DI Note: Each job class that uses this template must have MeterRegistry injected. Add to the job class:

private final MeterRegistry meterRegistry;
Use @RequiredArgsConstructor (if Lombok is present) or an explicit constructor. Alternatively, if an AbstractTimedJob base class is created (see step 2), inject MeterRegistry once in the base class constructor and share it with all subclasses. Required imports: - io.micrometer.core.instrument.MeterRegistry - io.micrometer.core.instrument.Tags - java.time.Duration - java.time.Instant - java.util.concurrent.TimeUnit

@Scheduled(...)
public void runJob() {
    Instant start = Instant.now();
    LOGGER.info("[BATCH] {} started", getClass().getSimpleName());
    try {
        doRun();
    } finally {
        long ms = Duration.between(start, Instant.now()).toMillis();
        LOGGER.info("[BATCH] {} completed in {}ms", getClass().getSimpleName(), ms);
        meterRegistry.timer("batch.job.execution_time",
            Tags.of("job", getClass().getSimpleName())
        ).record(ms, TimeUnit.MILLISECONDS);
    }
}

2. Priority jobs cần instrument trước

  • [ ] MatchMakingForAllGameModeConfig (game critical)
  • [ ] NftRentalExpirationCheckBatch (money involved)
  • [ ] GiftAggregationJob (realtime sensitive)
  • [ ] CardCheckoutExpiredConfig, CryptoCheckoutExpiredConfig (payment)
  • [ ] DataArchiveBatch (potentially slow)
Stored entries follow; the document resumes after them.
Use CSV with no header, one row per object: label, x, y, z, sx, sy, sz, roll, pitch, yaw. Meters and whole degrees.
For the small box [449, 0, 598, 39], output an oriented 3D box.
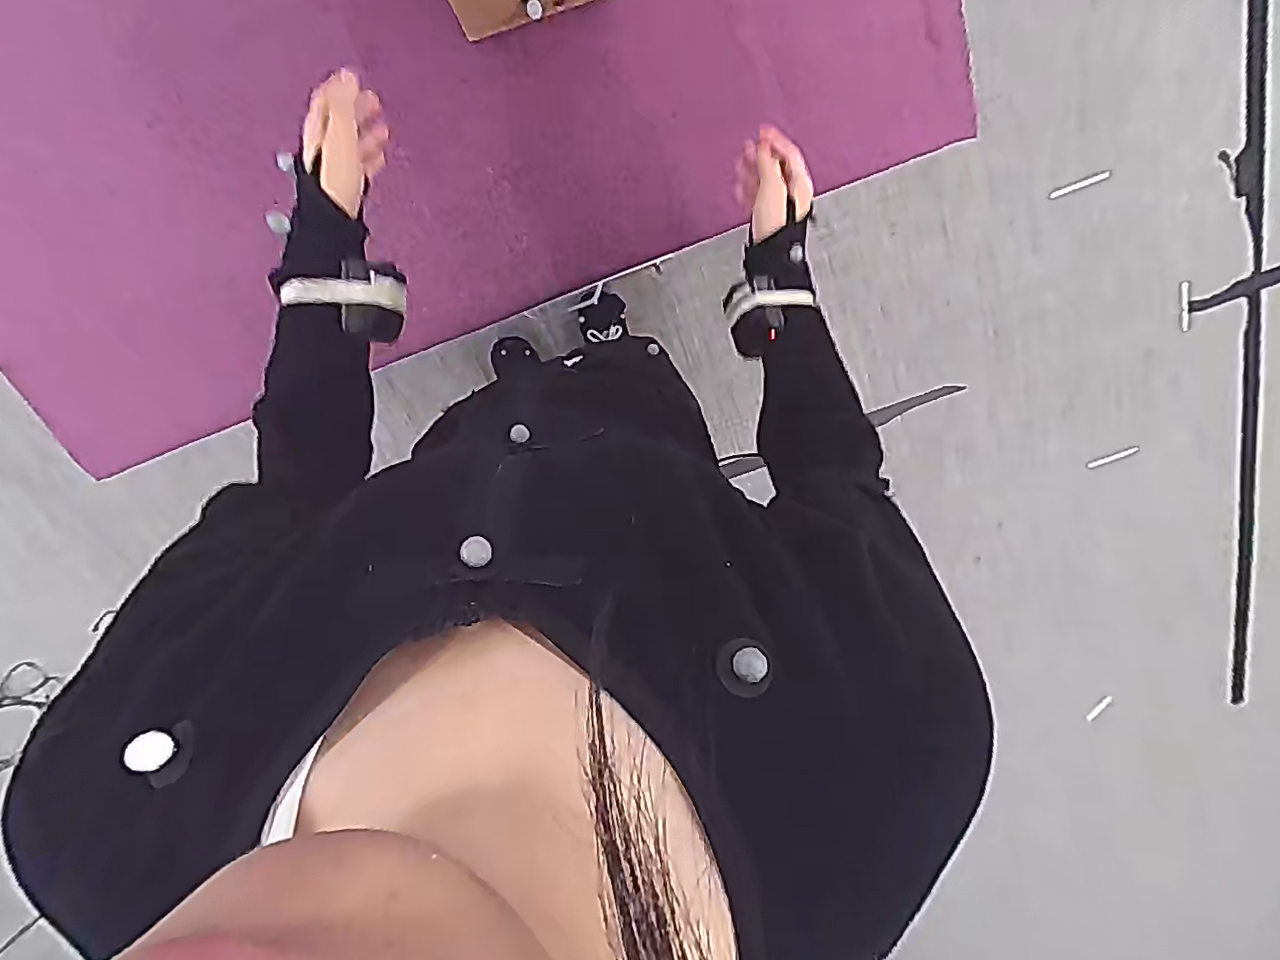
small box,-0.128,-0.549,0.482,0.168,0.176,0.179,-17,111,2
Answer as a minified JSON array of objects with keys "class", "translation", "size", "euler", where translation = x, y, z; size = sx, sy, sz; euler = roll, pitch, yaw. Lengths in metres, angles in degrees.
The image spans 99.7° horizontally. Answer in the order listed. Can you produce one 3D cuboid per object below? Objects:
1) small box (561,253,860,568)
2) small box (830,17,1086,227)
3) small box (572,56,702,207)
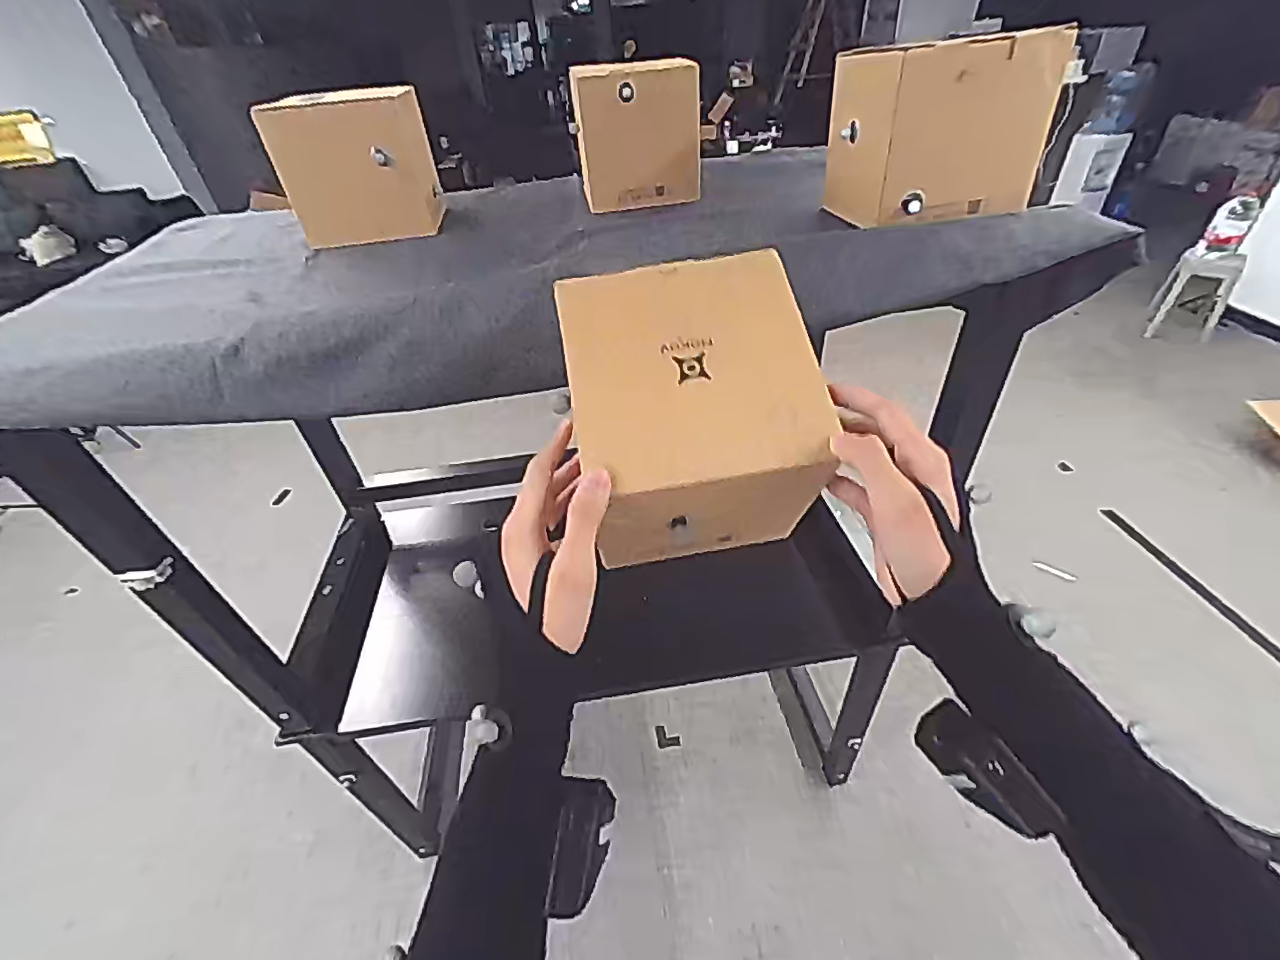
[{"class":"small box","translation":[0.040,-0.039,0.419],"size":[0.168,0.176,0.179],"euler":[-9,65,-3]},{"class":"small box","translation":[0.328,-0.390,0.604],"size":[0.168,0.176,0.179],"euler":[-7,36,-1]},{"class":"small box","translation":[-0.007,-0.518,0.805],"size":[0.168,0.176,0.179],"euler":[-9,39,-4]}]
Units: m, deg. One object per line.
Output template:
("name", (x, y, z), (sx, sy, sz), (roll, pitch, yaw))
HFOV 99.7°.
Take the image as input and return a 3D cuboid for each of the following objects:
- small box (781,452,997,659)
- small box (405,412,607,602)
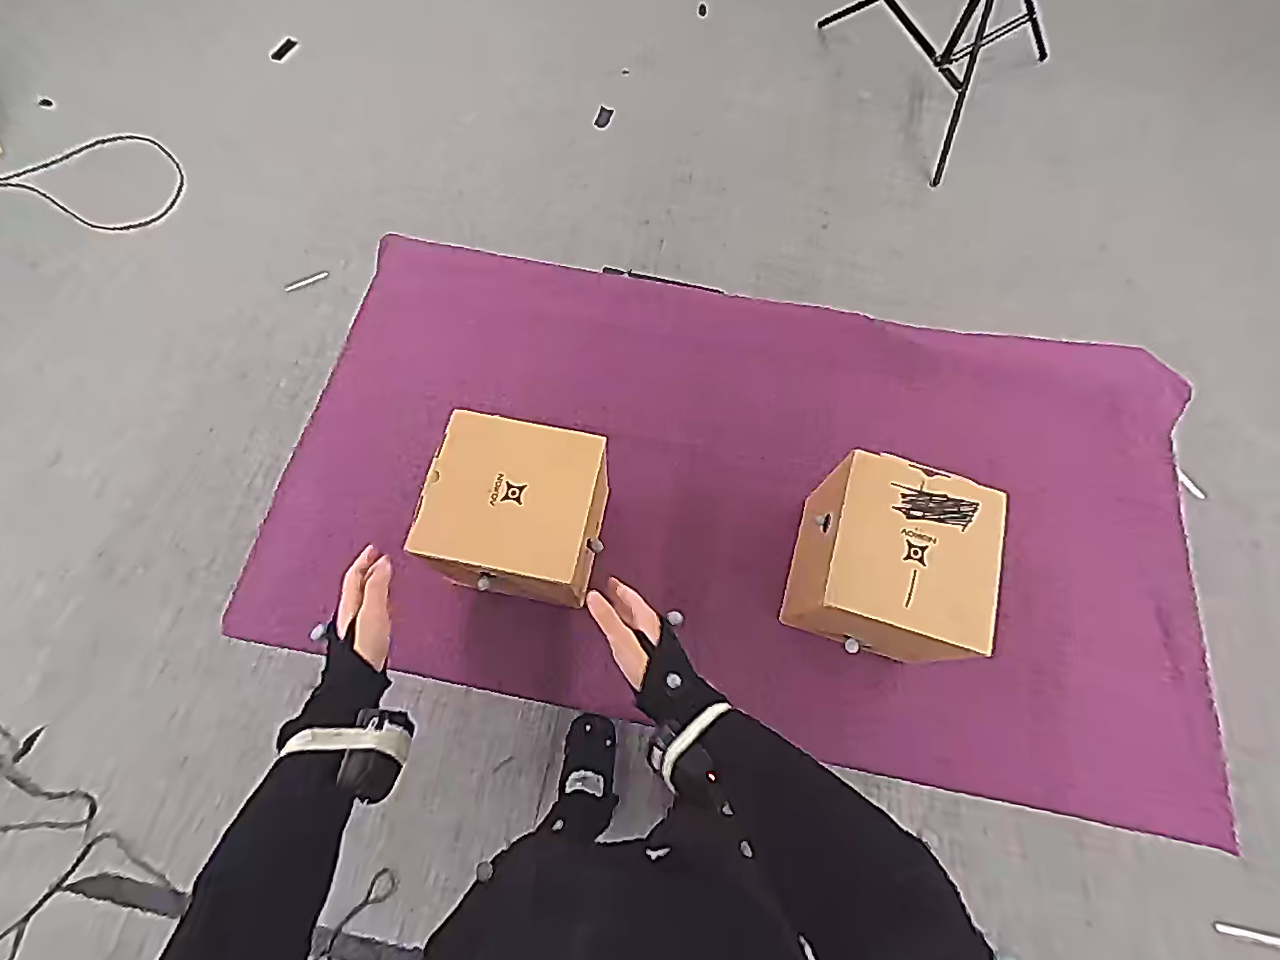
("small box", (0.277, 0.096, 0.630), (0.168, 0.176, 0.179), (17, 70, 5))
("small box", (-0.139, 0.042, 0.642), (0.179, 0.176, 0.168), (10, 69, 3))

3. Alert nếu job chạy quá lâu

if (ms > JOB_SLOW_THRESHOLD_MS) {
    LOGGER.warn("[BATCH_SLOW] {} took {}ms (threshold={}ms)",
        getClass().getSimpleName(), ms, JOB_SLOW_THRESHOLD_MS);
}

Verification / Acceptance Criteria

  • [ ] Each of the 5 priority jobs logs [BATCH] <ClassName> started and [BATCH] <ClassName> completed in <N>ms on every execution
  • [ ] Micrometer timer batch.job.execution_time with tag job=<ClassName> is registered and readable via /actuator/metrics/batch.job.execution_time after at least one run
  • [ ] When a job exceeds JOB_SLOW_THRESHOLD_MS, a WARN-level log [BATCH_SLOW] is emitted (verifiable by setting a very low threshold in test)
  • [ ] Instrumentation does not alter job logic — jobs still perform their original work even when the timer/logger is added
  • [ ] If AbstractTimedJob base class is created, all 5 priority job classes extend it and compile without errors

Files to Modify

  • Critical job files (5 files listed above)
  • Consider creating a base AbstractTimedJob class